Let us consider the following four-dimensional model with two outputs:

\[\begin{cases} x_1'(t) = -b x_1(t) + \frac{1 }{ c + x_4(t)},\\ x_2'(t) = \alpha x_1(t) - \beta x_2(t),\\ x_3'(t) = \gamma x_2(t) - \delta x_3(t),\\ x_4'(t) = \sigma x_4(t) \frac{(\gamma x_2(t) - \delta x_3(t))}{ x_3(t)},\\ y_1(t) = x_1(t) + x_2(t) y_2(t) = x_2(t) \end{cases}\]

We will run a global identifiability check on this enzyme dynamics[3] model.

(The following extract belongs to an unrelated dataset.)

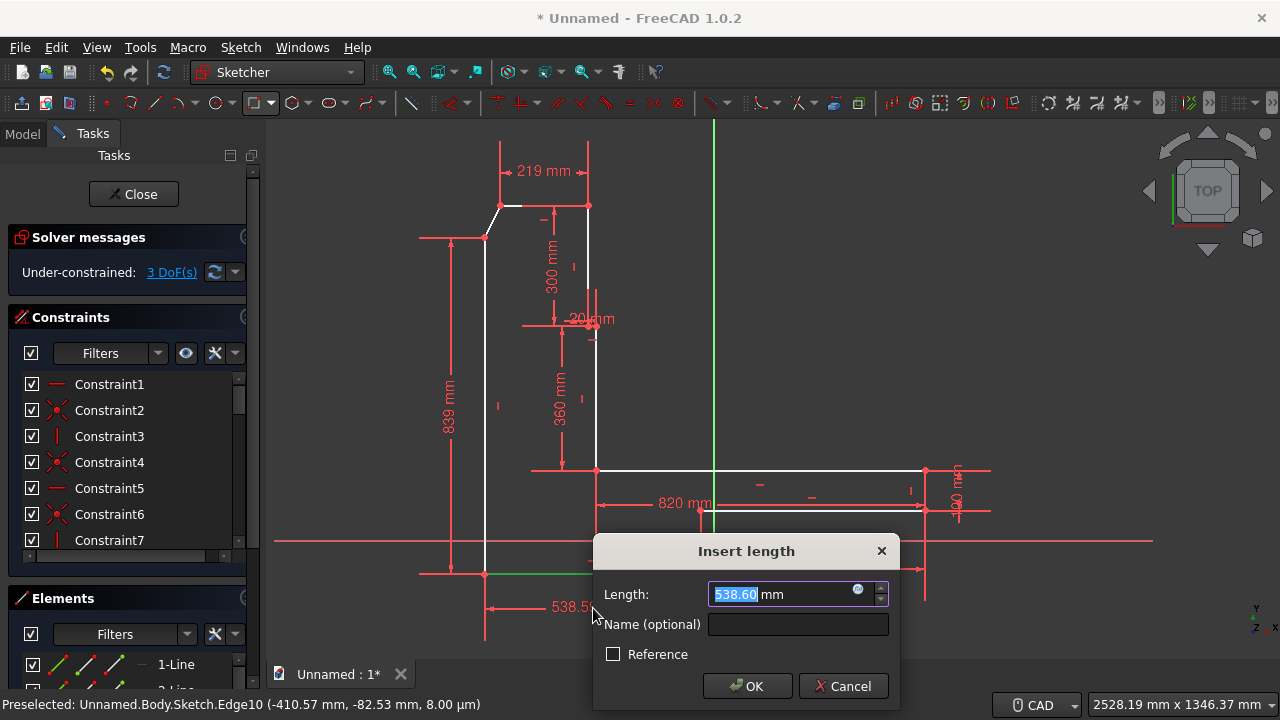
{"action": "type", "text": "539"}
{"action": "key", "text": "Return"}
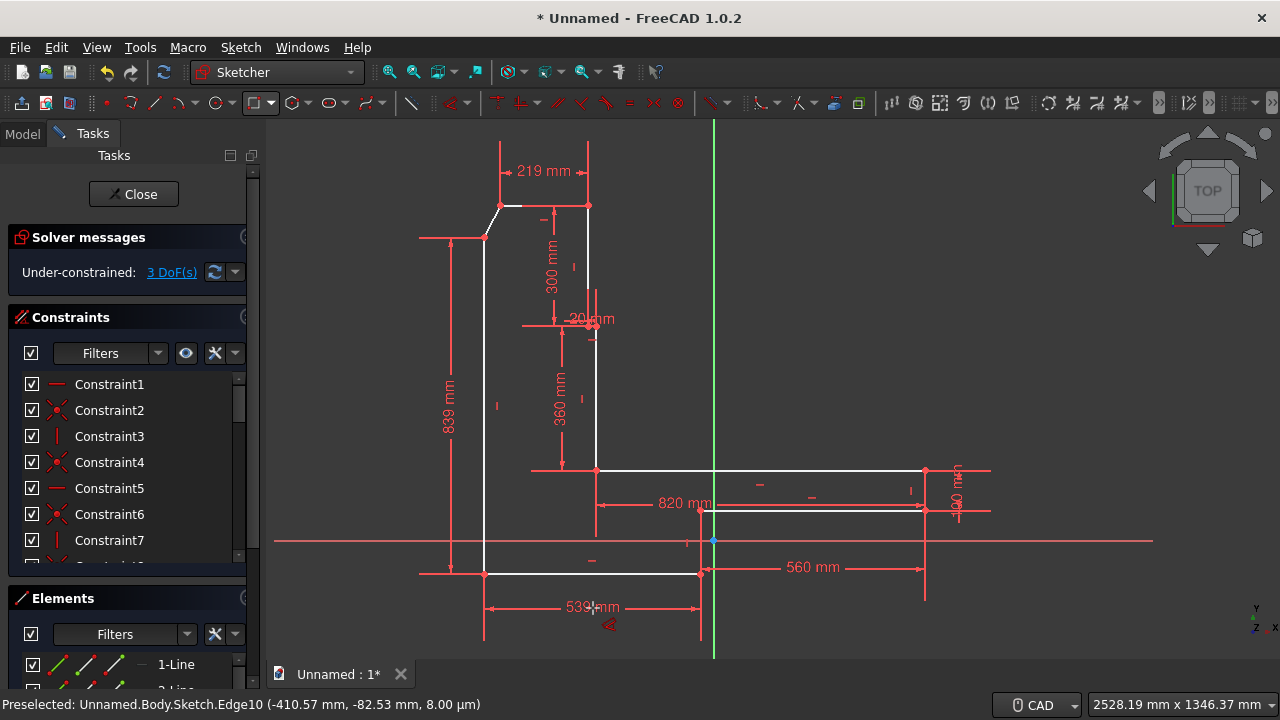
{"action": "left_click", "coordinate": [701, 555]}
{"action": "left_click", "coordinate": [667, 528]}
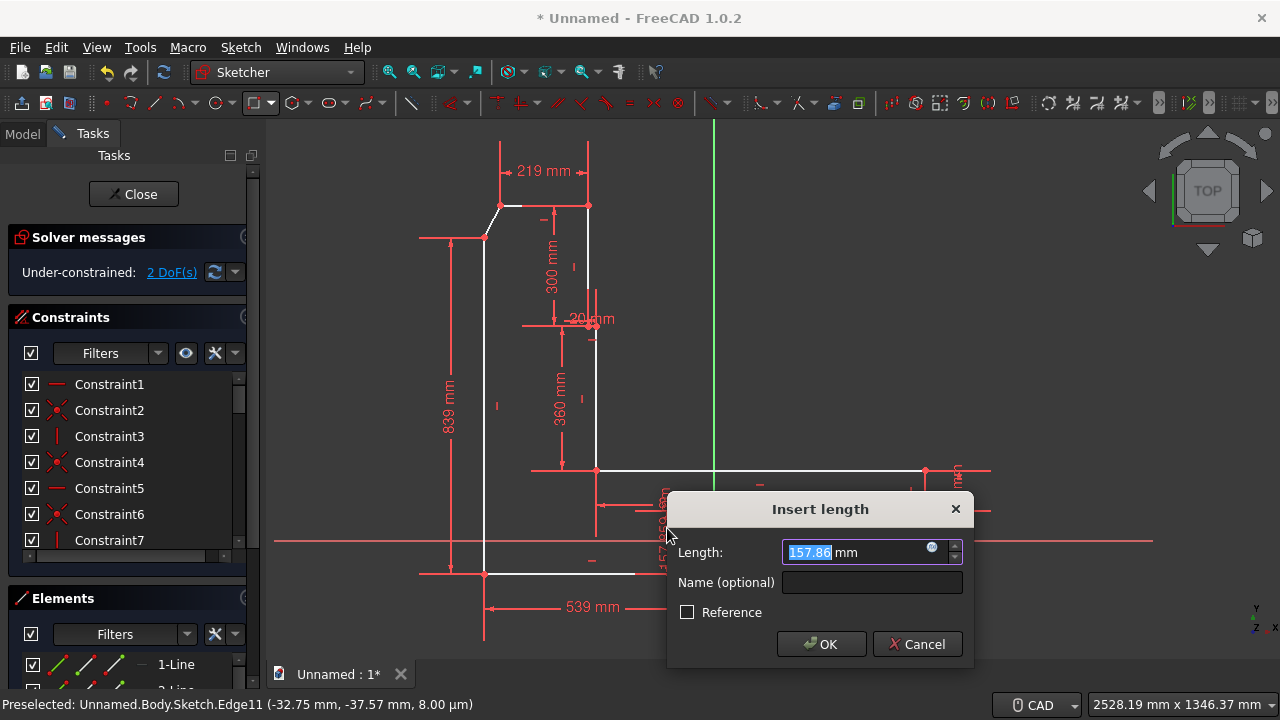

We will use the default settings: the probability of correctness will be p=0.99 and we are interested in identifiability of all possible parameters.

Global identifiability needs information about local identifiability first, but the function we chose here will take care of that extra step for us.

Note: as of writing this tutorial, UTF-symbols such as Greek characters are not supported by one of the project's dependencies, see this issue.

using StructuralIdentifiability, ModelingToolkit
@parameters b c a beta g delta sigma
@variables t x1(t) x2(t) x3(t) x4(t) y1(t) y2(t)
D = Differential(t)

eqs = [
    D(x1) ~ -b * x1 + 1 / (c + x4),
    D(x2) ~ a * x1 - beta * x2,
    D(x3) ~ g * x2 - delta * x3,
    D(x4) ~ sigma * x4 * (g * x2 - delta * x3) / x3
]

measured_quantities = [y1 ~ x1 + x2, y2 ~ x2]

ode = ODESystem(eqs, t, name = :GoodwinOsc)

@time global_id = assess_identifiability(ode, measured_quantities = measured_quantities)
# 30.672594 seconds (100.97 M allocations: 6.219 GiB, 3.15% gc time, 0.01% compilation time)
# Dict{Num, Symbol} with 7 entries:
#   a     => :globally
#   b     => :globally
#   beta  => :globally
#   c     => :globally
#   sigma => :globally
#   g     => :nonidentifiable
#   delta => :globally

We can see that only parameters a, g are unidentifiable, and everything else can be uniquely recovered.

Let us consider the same system but with two inputs, and we will find out identifiability with probability 0.9 for parameters c and b:

using StructuralIdentifiability, ModelingToolkit
@parameters b c a beta g delta sigma
@variables t x1(t) x2(t) x3(t) x4(t) y(t) u1(t) [input = true] u2(t) [input = true]
D = Differential(t)

eqs = [
    D(x1) ~ -b * x1 + 1 / (c + x4),
    D(x2) ~ a * x1 - beta * x2 - u1,
    D(x3) ~ g * x2 - delta * x3 + u2,
    D(x4) ~ sigma * x4 * (g * x2 - delta * x3) / x3
]
measured_quantities = [y1 ~ x1 + x2, y2 ~ x2]

# check only 2 parameters
to_check = [b, c]

ode = ODESystem(eqs, t, name = :GoodwinOsc)

global_id = assess_identifiability(ode, measured_quantities = measured_quantities,
    funcs_to_check = to_check, p = 0.9)
# Dict{Num, Symbol} with 2 entries:
#   b => :globally
#   c => :globally

Both parameters b, c are globally identifiable with probability 0.9 in this case.